Gli imprenditori sostengono che non ci sono abbastanza divise a disposizione, mentre per il governo quest’anno sono stati distribuiti alle imprese private 33 mila milioni di dollari e a fine 2013 si arriverà a 40 mila milioni: ossia il 30% in più del denaro di cui ha bisogno il paese per far fronte alle proprie necessità. «Dobbiamo anche riformare Cadivi – ha dichiarato l’economista e deputato chavista Jesus Faria – perché il potere economico usa le sue risorse per corrompere il settore statale e con questo meccanismo ottiene maggiori risorse che si trasformano in un maggior potere». Il Venezuela bolivariano è infatti ancora un paese a economia mista – con un certo numerodi imprese a proprietà statale o controllate dai lavoratori – ma in cui il settore privato (abituato al parassitismo e all’evasione fiscale) controlla circa il 60% del Prodotto interno lordo (Pil), riceve finanziamenti dal governo e muove grosse masse di capitali pronti a cercare lidi migliori. In un paese che possiede le più grandi riserve petrolifere del mondo, questo significa lasciare il Venezuela in balìa della sua «maledizione», trascurando la produzione interna e la sovranità economica. «Siamo interessati allo sviluppo del settore privato se genera lavoro, risorse e benessere, ma non se attacca il popolo», ha detto Faria.

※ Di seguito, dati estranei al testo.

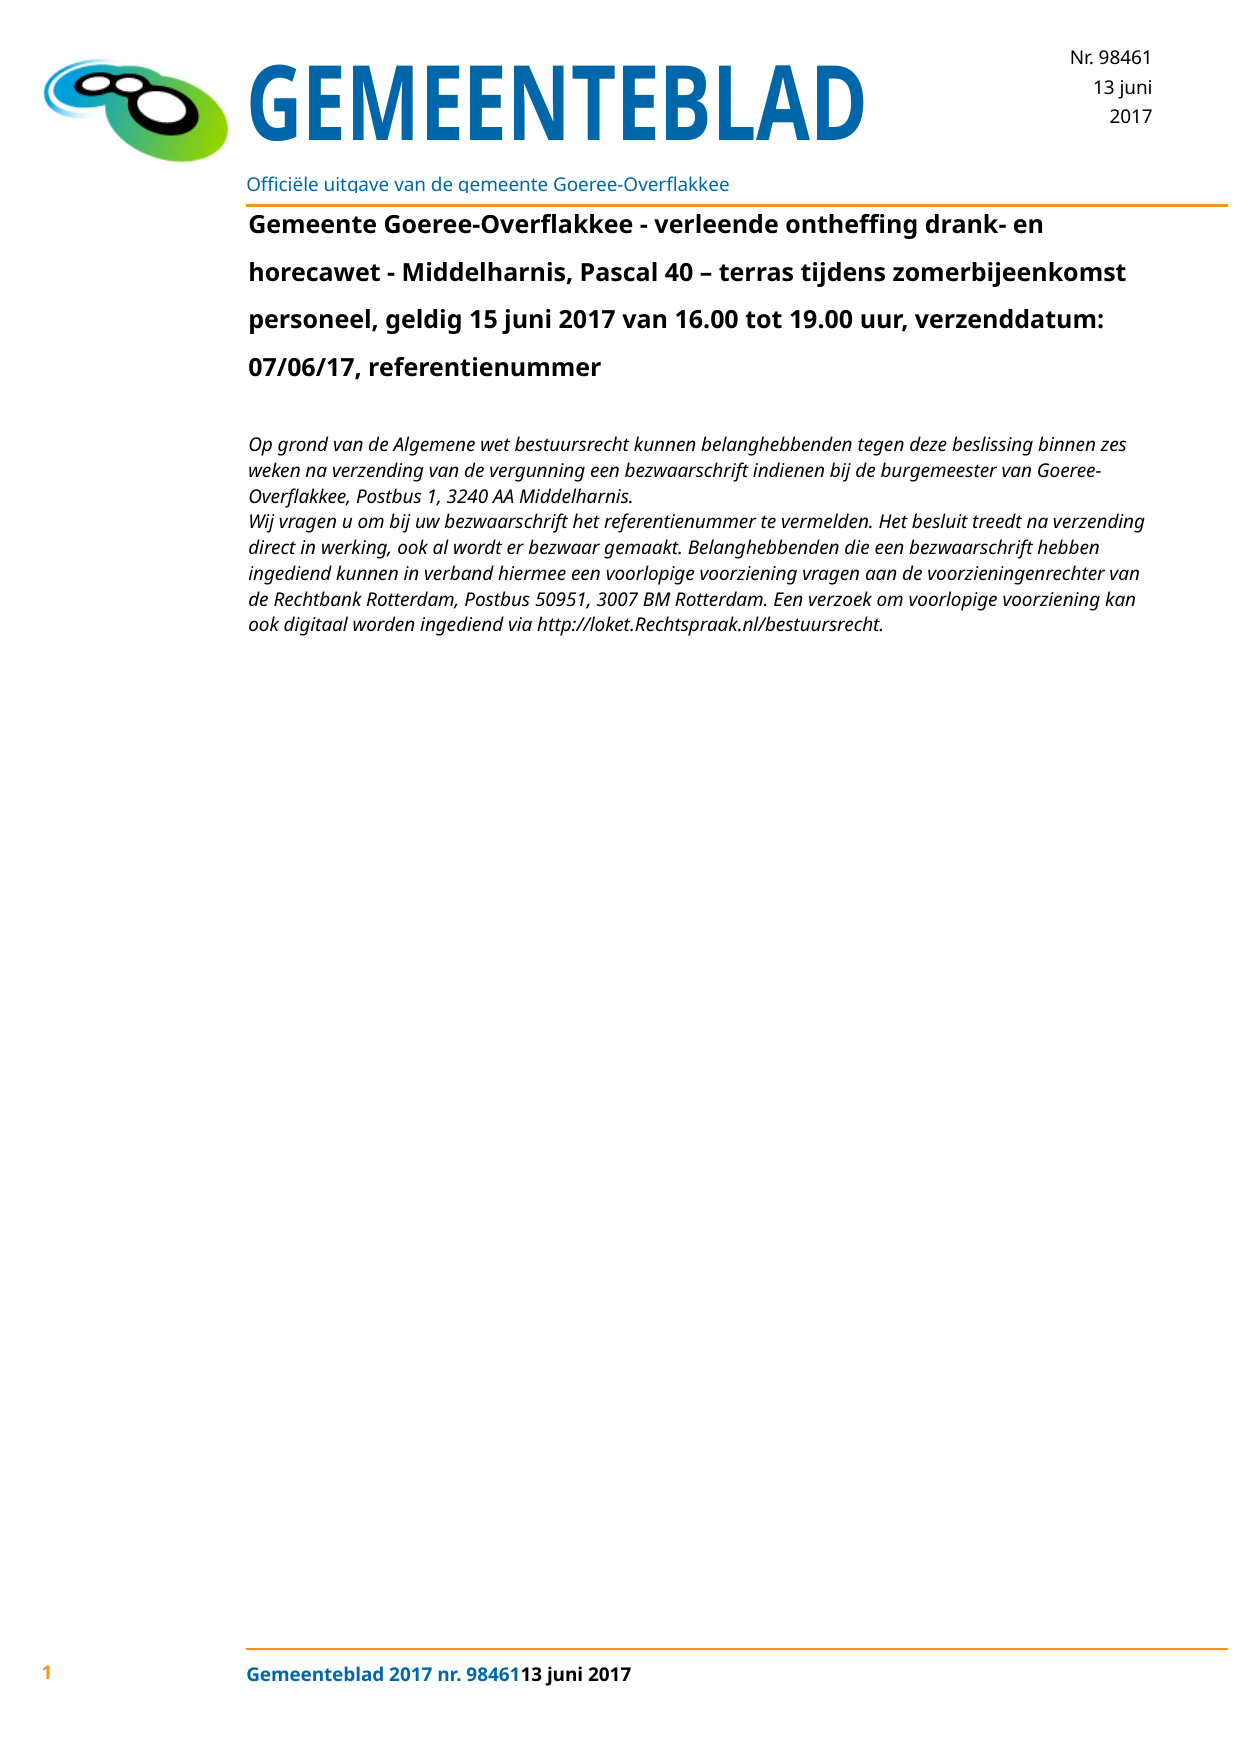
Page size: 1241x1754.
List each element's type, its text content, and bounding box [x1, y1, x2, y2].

text Gemeente Goeree-Overflakkee - verleende ontheffing drank- en horecawet - Middelharnis, Pascal 40 – terras tijdens zomerbijeenkomst personeel, geldig 15 juni 2017 van 16.00 tot 19.00 uur, verzenddatum: 07/06/17, referentienummer [248, 207, 1152, 384]
text Wij vragen u om bij uw bezwaarschrift het referentienummer te vermelden. Het besluit treedt na verzending direct in werking, ook al wordt er bezwaar gemaakt. Belanghebbenden die een bezwaarschrift hebben ingediend kunnen in verband hiermee een voorlopige voorziening vragen aan de voorzieningenrechter van de Rechtbank Rotterdam, Postbus 50951, 3007 BM Rotterdam. Een verzoek om voorlopige voorziening kan ook digitaal worden ingediend via http://loket.Rechtspraak.nl/bestuursrecht. [248, 508, 1152, 637]
text Op grond van de Algemene wet bestuursrecht kunnen belanghebbenden tegen deze beslissing binnen zes weken na verzending van de vergunning een bezwaarschrift indienen bij de burgemeester van Goeree-Overflakkee, Postbus 1, 3240 AA Middelharnis. [248, 431, 1152, 508]
picture [41, 47, 231, 172]

Il continuo aumento del salario e del potere d’acquisto delle classi popolari, a seguito delle politiche sociali promosse dal governo dopo l’arrivo di Chávez (1999), hanno aumentato i consumi: molto più in fretta di quanto non abbia fatto la produzione nazionale. Per far fronte all’aumento di richiesta di alcuni prodotti, Maduro ha chiesto e ottenuto l’appoggio immediato dei partner del Mercosur, come il Brasile. Ha anche promosso incontri con commercianti e imprenditori per chiedere loro collaborazione. Ma, soprattutto, ha promesso il pugno di ferro contro «quelli che vogliono impedire al nuovo di affermarsi in Venezuela». Per questo, fidando sulla costituzione che lo prevede, ha chiesto al parlamento di autorizzare alcune Ley habilitantes, utilizzate dal suo predecessore per accelerare le misure sociali, e che gli consentirebbero di andare più in fretta contro corruzione e speculazione. Intanto, dopo la diminuzione dei prezzi, è iniziata la corsa all’accaparramento dei prodotti. Se finiranno in fretta, si ricomincerà a gridare contro «la scarsità», magari si scopriranno camion pieni diretti oltrefrontiera al florido mercato colombiano parallelo. «Le spese compulsive – ha affermato Faria – sono determinate dalle campagne di terrore psicologico promosse dai grandi media».